Step 1 — The classic z-score
The z-score measures how many standard deviations a value sits from the mean. It is the right tool only when the group is roughly symmetric and reasonably large, because both the mean and the standard deviation are themselves distorted by extreme values.
import numpy as np
def zscore_outliers(prices, threshold=3.0):
"""Boolean mask where |z| exceeds threshold. Assumes near-normal data."""
x = np.asarray(prices, dtype=float)
mu, sigma = x.mean(), x.std(ddof=0)
if sigma == 0: # all identical -> nothing is an outlier
return np.zeros_like(x, dtype=bool)
z = (x - mu) / sigma
return np.abs(z) > threshold
mask = zscore_outliers(offers["price"])
print(offers.loc[mask, ["source", "price"]].to_dict("records"))

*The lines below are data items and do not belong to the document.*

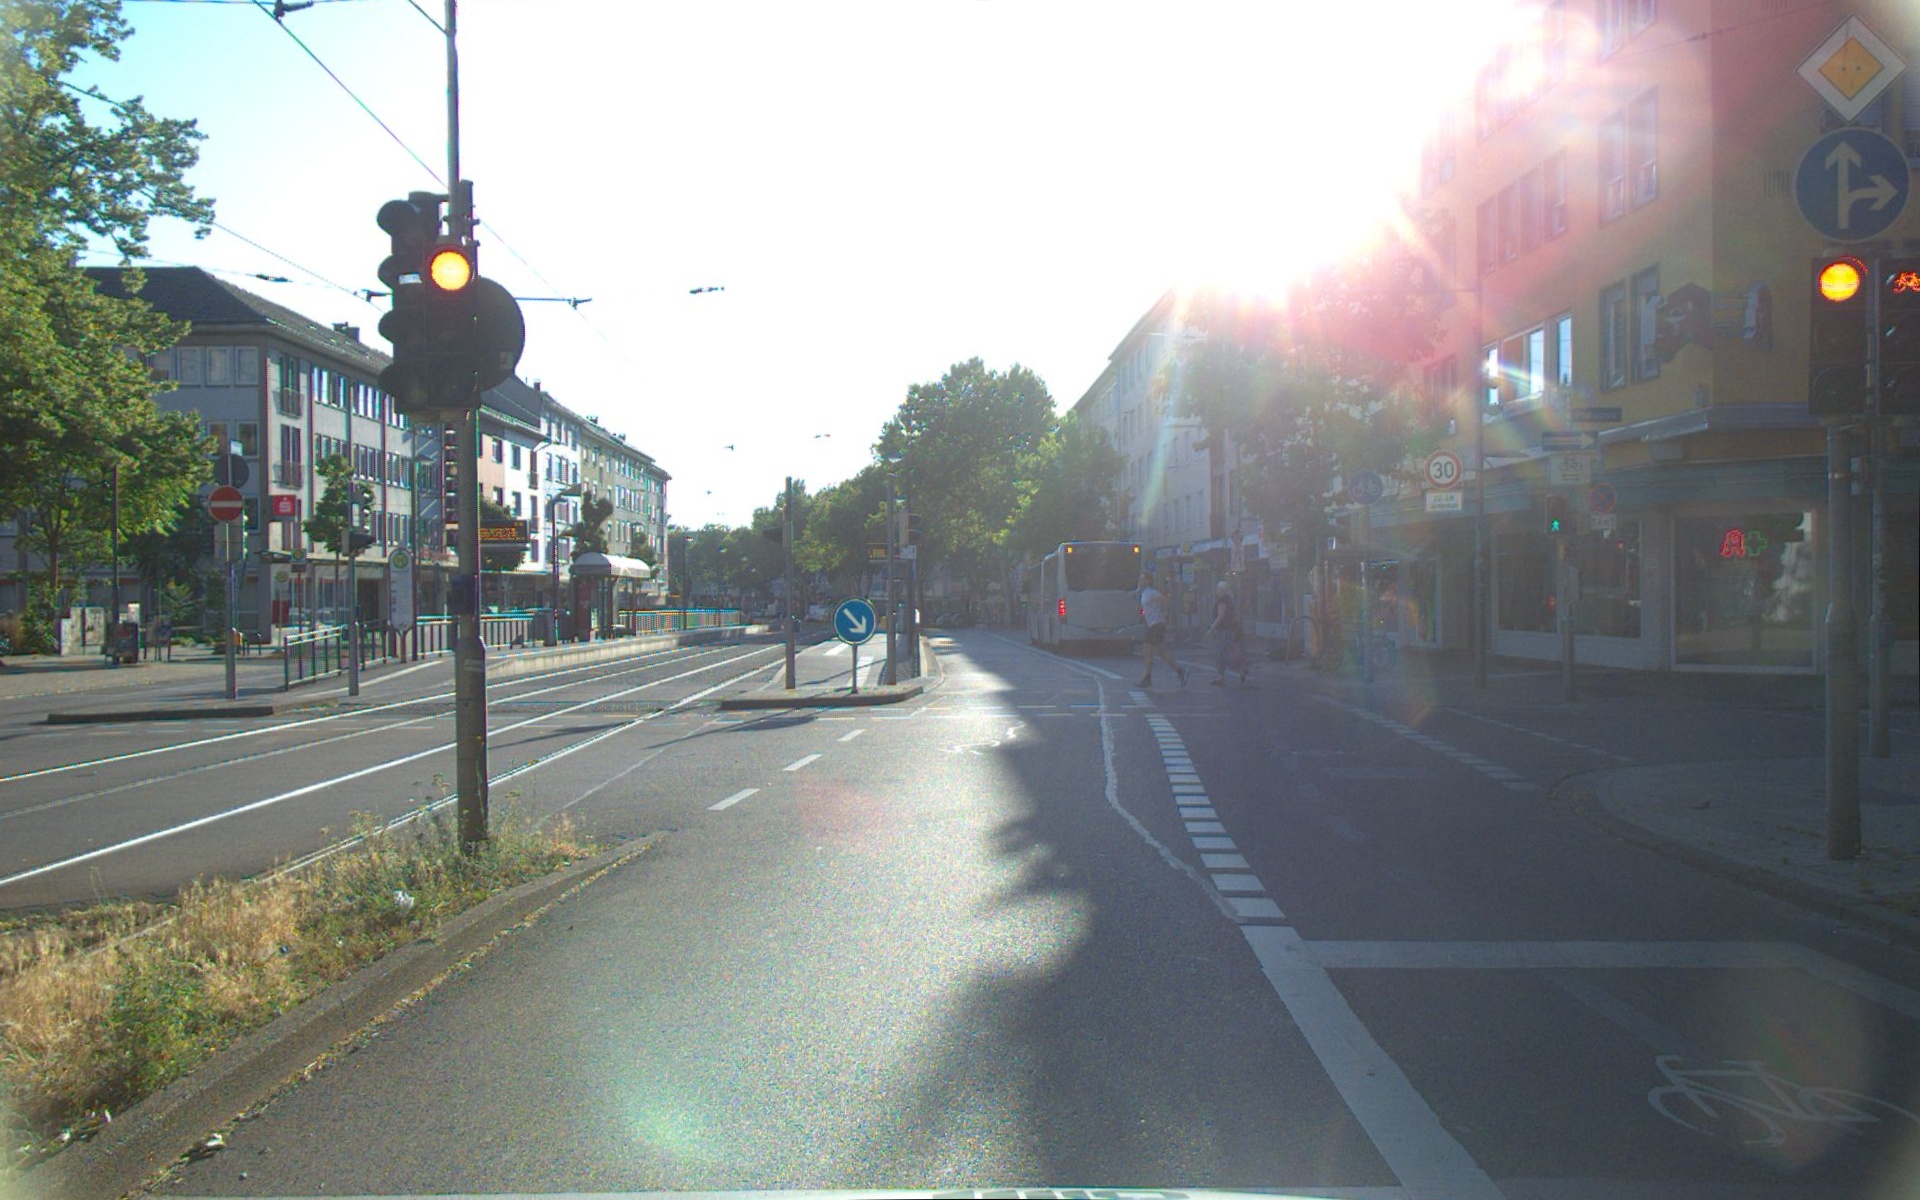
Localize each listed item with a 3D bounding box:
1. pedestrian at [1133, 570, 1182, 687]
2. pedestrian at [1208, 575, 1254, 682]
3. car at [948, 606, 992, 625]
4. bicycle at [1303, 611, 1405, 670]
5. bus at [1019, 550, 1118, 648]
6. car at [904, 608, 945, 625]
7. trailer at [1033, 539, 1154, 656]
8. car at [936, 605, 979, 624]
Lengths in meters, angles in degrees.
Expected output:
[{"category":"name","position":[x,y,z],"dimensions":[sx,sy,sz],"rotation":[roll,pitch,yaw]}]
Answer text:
[{"category":"pedestrian","position":[3.105,0.440,26.067],"dimensions":[0.666,1.801,0.687],"rotation":[-1,0,0]},{"category":"pedestrian","position":[4.635,0.481,28.343],"dimensions":[0.666,1.801,0.687],"rotation":[0,0,0]},{"category":"car","position":[0.993,1.482,158.450],"dimensions":[3.848,1.729,1.815],"rotation":[-1,0,-30]},{"category":"bicycle","position":[7.474,0.759,31.423],"dimensions":[1.737,1.039,0.694],"rotation":[-2,0,-2]},{"category":"bus","position":[3.747,-0.032,58.997],"dimensions":[2.755,3.156,9.092],"rotation":[1,0,-1]},{"category":"car","position":[-3.564,1.615,166.331],"dimensions":[3.848,1.624,1.674],"rotation":[-1,0,-30]},{"category":"trailer","position":[3.876,-0.059,50.057],"dimensions":[2.755,3.165,8.792],"rotation":[1,0,-1]},{"category":"car","position":[-0.253,1.398,161.199],"dimensions":[3.848,1.729,1.815],"rotation":[-1,0,-30]}]

# -> [{'source': 'h', 'price': 1990.0}] (misses the 2.0 placeholder!)
Note the failure already visible here: the single huge value inflates sigma so much that the 2.0 placeholder no longer looks extreme. That is the classic weakness of the plain z-score on skewed price data.
Step 2 — The modified z-score (MAD), robust to skew
The modified z-score replaces the mean with the median and the standard deviation with the median absolute deviation (MAD), both of which shrug off a handful of extreme values. The 0.6745 constant rescales MAD so the threshold is comparable to a normal-distribution z.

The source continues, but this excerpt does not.